Используя стерильную технику, привить потенциальные трансформаторы, которые выросли из вашего преобразования в пять миллилитров LB плюс ампициллин после ранее изложенной процедуры. Изолировать плазмиды от каждого потенциального трансформанта и запустить пищеварение ограничения, как описано ранее. Запустите реакционной продукции на агарозный гель, сравнивая потенциальные трансформаторы с пустым вектором.
Сохранить любые трансформаторы, которые приводят к иссечению правильного размера вставки для дальнейшего изучения. Успешно создав нашу плазмиду, мы собираемся превратить ее в нулевой дрожжевой фон ATG1. Мы возьмем 15 миллионов клеток и заграем их, что я уже сделал прямо здесь.
После того как они гранулы, удалить YPAD средств массовой информации, что они растут в и мыть клетки с дистиллированной водой. После этого, мы собираемся взять клетки, и мы собираемся повторно использовать их в 100 миллимолейных ацетата лития. Мы собираемся повторно использовать их в 200 микролитров этого.
Resuspend гранулы клетки нежным pipetting вверх и вниз. Разделите клетки на отдельные трубки микротехи для каждого из преобразований, которые вы будете выполнять, используя 50 микролитров этой смеси за преобразование. К каждому из преобразований необходимо добавить 240 микролитров 50% PEG.
PEG очень вязкий, пипетка и мера очень тщательно. Смешайте путем пипетки после добавления PEG и после каждого из дополнительных компонентов. Далее добавьте 36 микролитров одного молярного литиевого ацетата, пять микролитров ДНК спермы лосося или другую ДНК носителя, которая варилась в течение пяти минут и помещена на лед, и, наконец, пять микролитров плазмиды для каждой трансформации, которую вы будете выполнять.
Vortex каждой трубки тщательно перемешать. Инкубировать образцы при 30 градусах по Цельсию в течение 45 минут. Тепло ударяет их на 42 по Цельсию в течение 10 минут, а затем мыть клетки один раз в стерильной воде, наконец, повторно их в 200 микролитров стерильной воды.
Установите от одного до 10 и от одного до 100 разбавления каждого из преобразованных штаммов дрожжей и пластины 150 микролитров на SC минус пластины лея, чтобы выбрать для плазмидов.
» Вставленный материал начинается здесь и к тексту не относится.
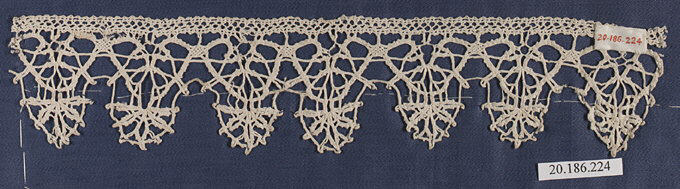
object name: edging
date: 1601-1700
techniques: lace
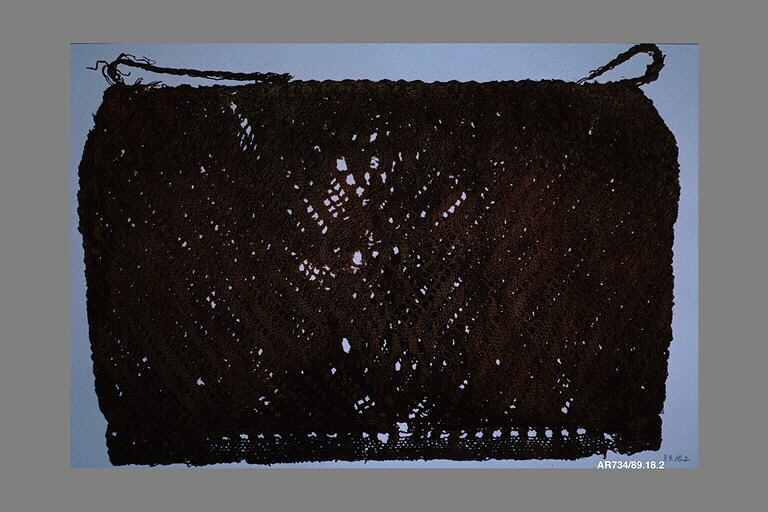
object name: cap
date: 201-400
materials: wool
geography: egypt
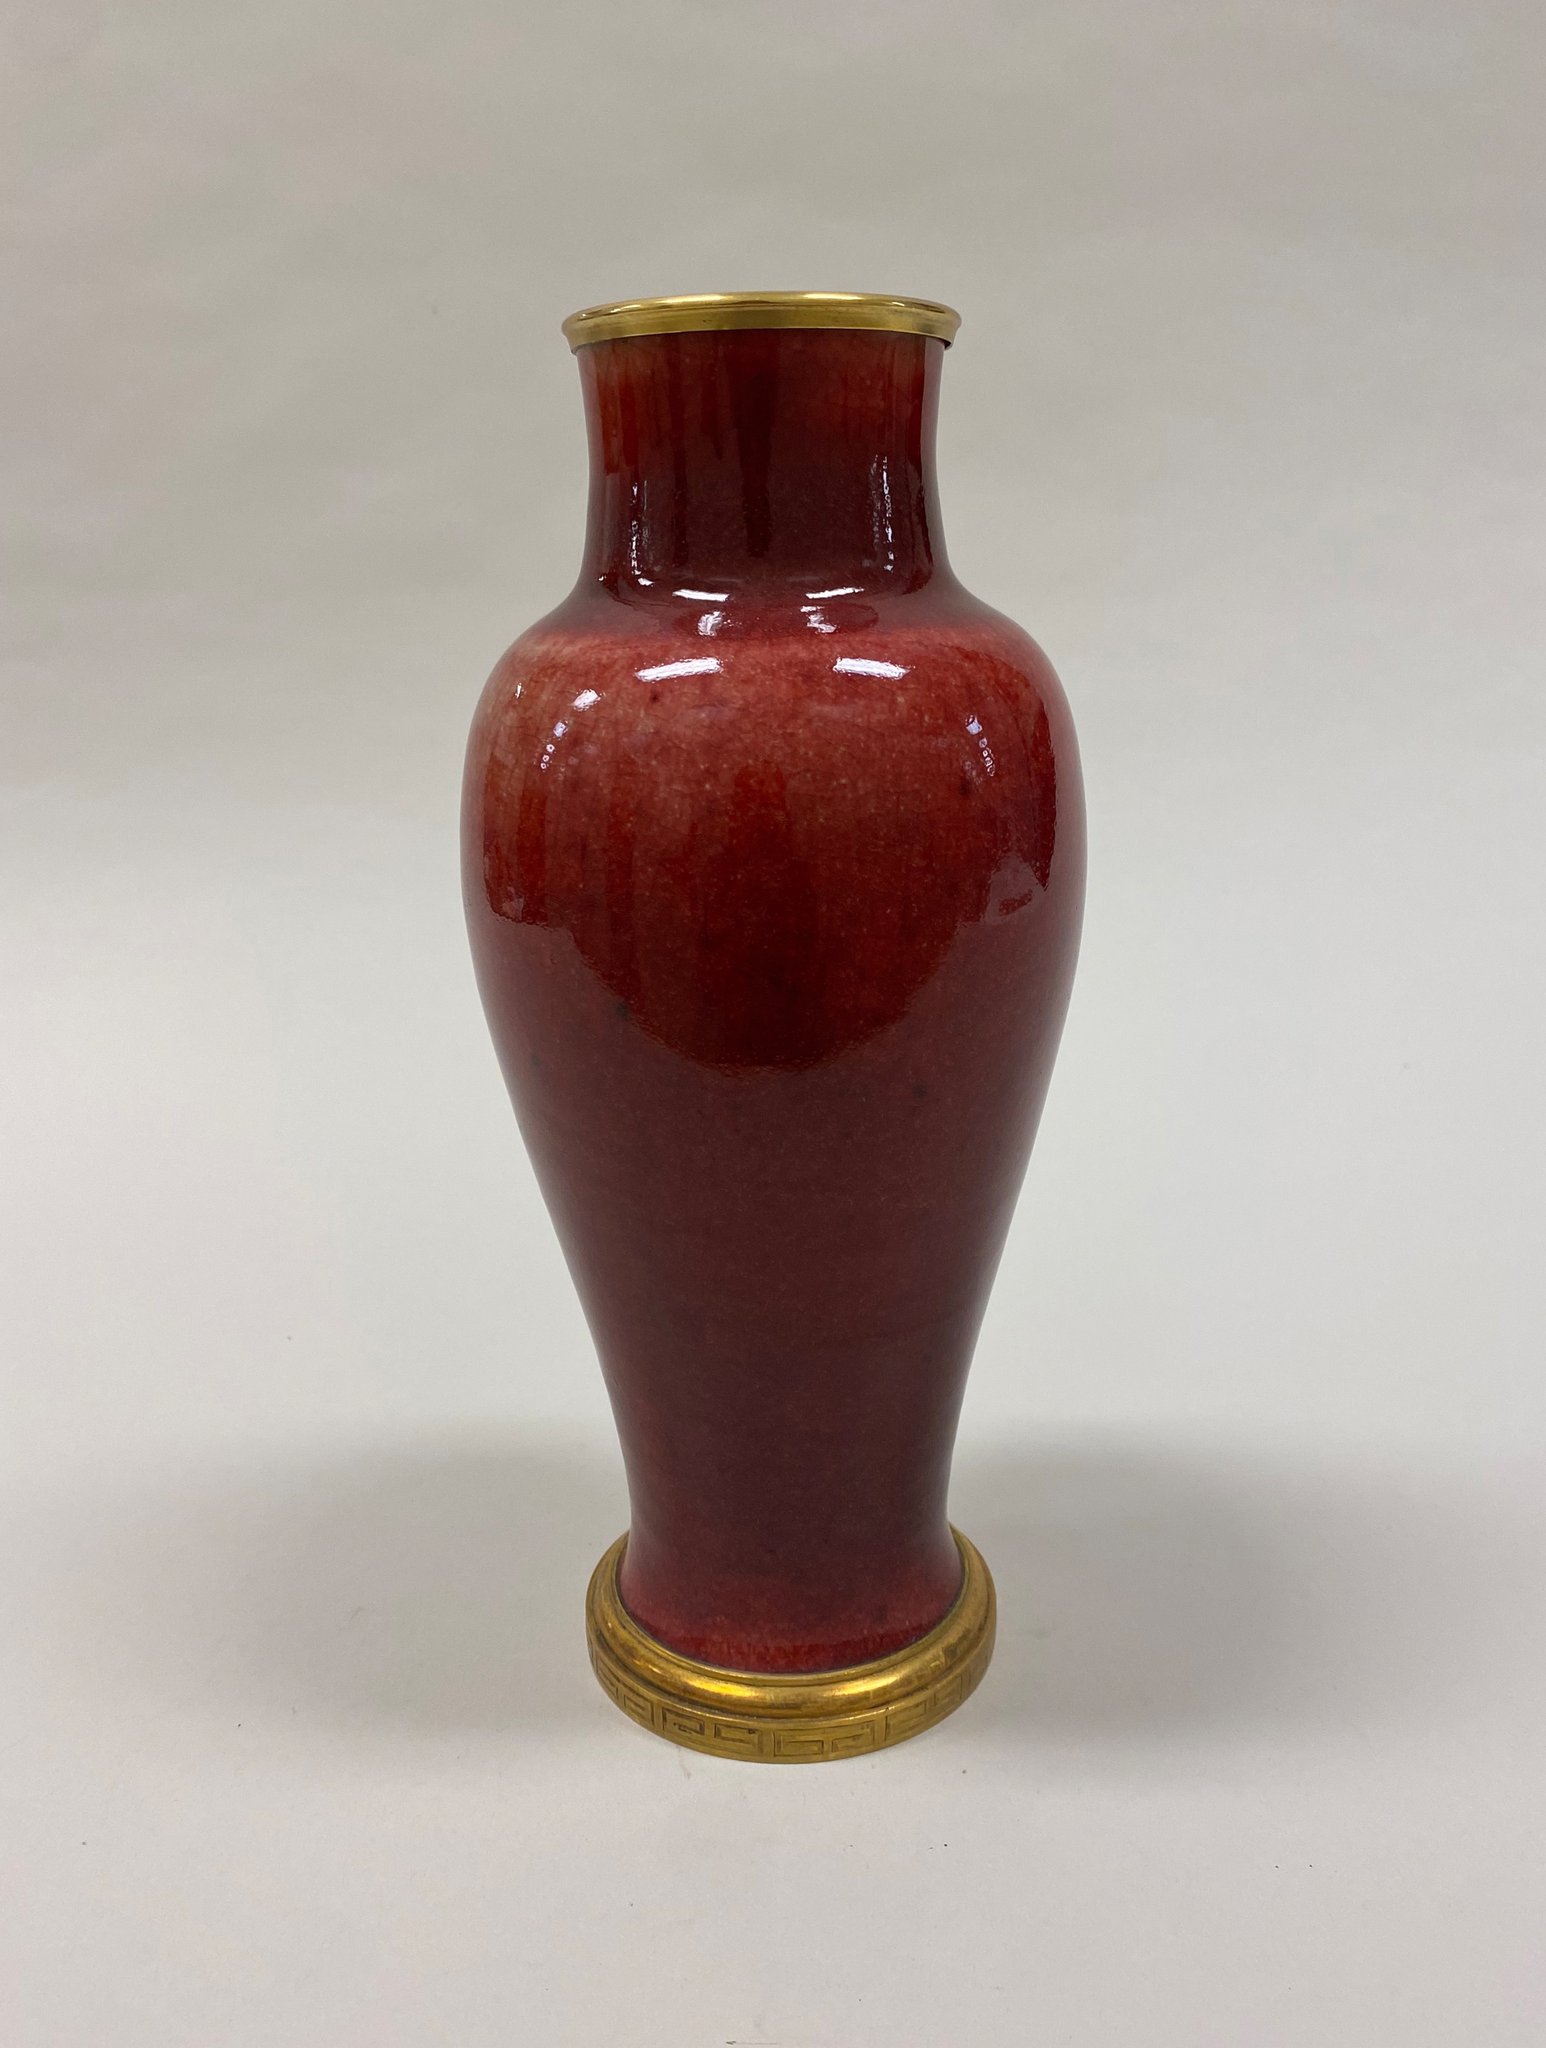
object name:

Распространение клеток равномерно и равномерно, и позволяют пластины высохнуть перед инвертированием и инкубации их при 30 градусов по Цельсию, что позволяет им расти в течение 48 до 72 часов. Как только мы успешно клонируем наш ген для тестирования, мы тестируем влияние на хронологическую продолжительность жизни организма.
Мы будем выращивать дрожжи, отслеживая количество жизнеспособных колоний, образующих единицы, которые остаются в качестве функции времени. Выращиваем дрожжи сначала в течение 72 часов в SC минус лейкин жидких средств массовой информации с тряской при температуре 30 градусов по Цельсию. Используя гемоцитометр, определите разбавление, необходимое, чтобы позволить вам пластины 500 клеток.
Используя стерильную технику, пластины клеток на SC минус лей пластины, что позволяет ему высохнуть и инкубировать перевернутый в течение трех дней при температуре 30 градусов по Цельсию, в этот момент они будут расти, и вы можете оценка роста колонии и записывать, что точка времени. После изготовления пластины, продолжать инкубировать дрожжи при 30 градусах по Цельсию без тряски. Первоначально мы повторяем покрытие через еженедельные промежутки времени, принимая более частые точки времени, если наши предварительные данные свидетельствуют о подавлении старения фенотипа.
Для того, чтобы определить процент жизнеспособности, мы нормализуем в день один раз точки для анализа. Не забудьте пластины же разбавления на каждом интервале. Продолжайте этот процесс, пока вы больше не увидите каких-либо колоний растут.
Полезно ввести вашу информацию в электронную таблицу Excel. Это позволит быстро определить жизнеспособность каждого штамма по завершении эксперимента.